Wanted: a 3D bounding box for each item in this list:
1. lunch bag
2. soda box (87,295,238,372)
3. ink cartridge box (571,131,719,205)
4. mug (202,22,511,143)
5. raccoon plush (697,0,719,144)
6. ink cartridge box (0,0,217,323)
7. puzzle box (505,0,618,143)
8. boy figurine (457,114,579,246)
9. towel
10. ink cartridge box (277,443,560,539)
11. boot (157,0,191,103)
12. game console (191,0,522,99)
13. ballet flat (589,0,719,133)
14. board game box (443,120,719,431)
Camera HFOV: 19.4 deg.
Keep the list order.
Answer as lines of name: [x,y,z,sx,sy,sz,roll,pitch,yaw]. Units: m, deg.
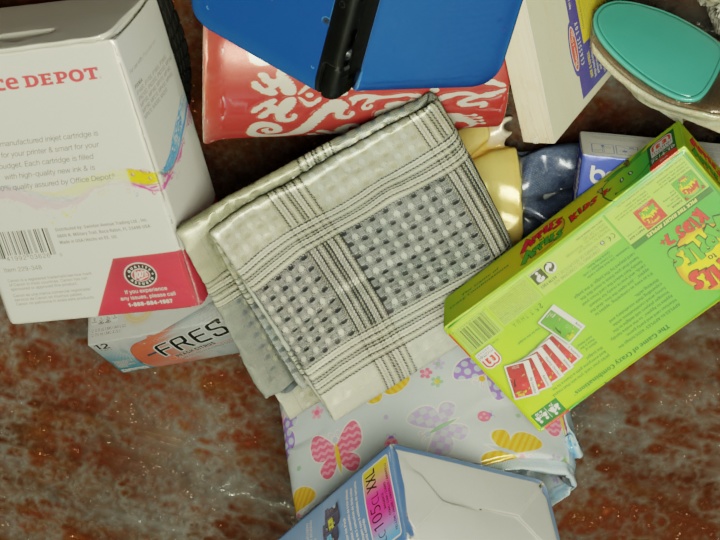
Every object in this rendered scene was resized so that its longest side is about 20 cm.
lunch bag: [0.052,0.107,1.497,0.199,0.170,0.127,-19,148,12]
soda box: [-0.093,0.018,1.491,0.199,0.069,0.064,-11,155,16]
ink cartridge box: [0.240,-0.034,1.402,0.199,0.044,0.094,5,116,1]
mug: [-0.004,-0.167,1.377,0.199,0.134,0.178,1,122,-4]
raccoon plush: [0.244,-0.135,1.418,0.134,0.097,0.200,33,115,-8]
ink cartridge box: [-0.185,-0.073,1.391,0.147,0.086,0.201,-4,118,19]
puzzle box: [0.123,-0.199,1.356,0.025,0.133,0.201,4,124,31]
boy figurine: [0.084,-0.044,1.471,0.199,0.064,0.125,-7,98,11]
towel: [0.000,0.000,1.394,0.199,0.035,0.193,-28,128,1]
ink cartridge box: [0.021,0.207,1.417,0.136,0.077,0.200,17,136,-32]
boot: [-0.182,-0.103,1.453,0.131,0.070,0.201,-2,115,9]
game console: [0.010,-0.215,1.266,0.170,0.118,0.201,31,127,20]
ballet flat: [0.232,-0.109,1.365,0.200,0.068,0.062,28,152,17]
board game box: [0.162,0.005,1.374,0.200,0.048,0.102,-38,108,19]

INSTRUCTIONS FOR THE TASK
Since the pictures are not wanted, set down only the rest of each record, exactly as above.

WORKED SOLUTION
Wanted: a 3D bounding box for each item in this list:
1. lunch bag
2. soda box (87,295,238,372)
3. ink cartridge box (571,131,719,205)
4. mug (202,22,511,143)
5. raccoon plush (697,0,719,144)
6. ink cartridge box (0,0,217,323)
7. puzzle box (505,0,618,143)
8. boy figurine (457,114,579,246)
9. towel
10. ink cartridge box (277,443,560,539)
11. boot (157,0,191,103)
12. game console (191,0,522,99)
13. ballet flat (589,0,719,133)
14. board game box (443,120,719,431)
Camera HFOV: 19.4 deg.
Keep the list order.
Answer as lines of name: [x,y,z,sx,sy,sz,roll,pitch,yaw]. Units: m, deg.
Every object in this rendered scene was resized so that its longest side is about 20 cm.
lunch bag: [0.052,0.107,1.497,0.199,0.170,0.127,-19,148,12]
soda box: [-0.093,0.018,1.491,0.199,0.069,0.064,-11,155,16]
ink cartridge box: [0.240,-0.034,1.402,0.199,0.044,0.094,5,116,1]
mug: [-0.004,-0.167,1.377,0.199,0.134,0.178,1,122,-4]
raccoon plush: [0.244,-0.135,1.418,0.134,0.097,0.200,33,115,-8]
ink cartridge box: [-0.185,-0.073,1.391,0.147,0.086,0.201,-4,118,19]
puzzle box: [0.123,-0.199,1.356,0.025,0.133,0.201,4,124,31]
boy figurine: [0.084,-0.044,1.471,0.199,0.064,0.125,-7,98,11]
towel: [0.000,0.000,1.394,0.199,0.035,0.193,-28,128,1]
ink cartridge box: [0.021,0.207,1.417,0.136,0.077,0.200,17,136,-32]
boot: [-0.182,-0.103,1.453,0.131,0.070,0.201,-2,115,9]
game console: [0.010,-0.215,1.266,0.170,0.118,0.201,31,127,20]
ballet flat: [0.232,-0.109,1.365,0.200,0.068,0.062,28,152,17]
board game box: [0.162,0.005,1.374,0.200,0.048,0.102,-38,108,19]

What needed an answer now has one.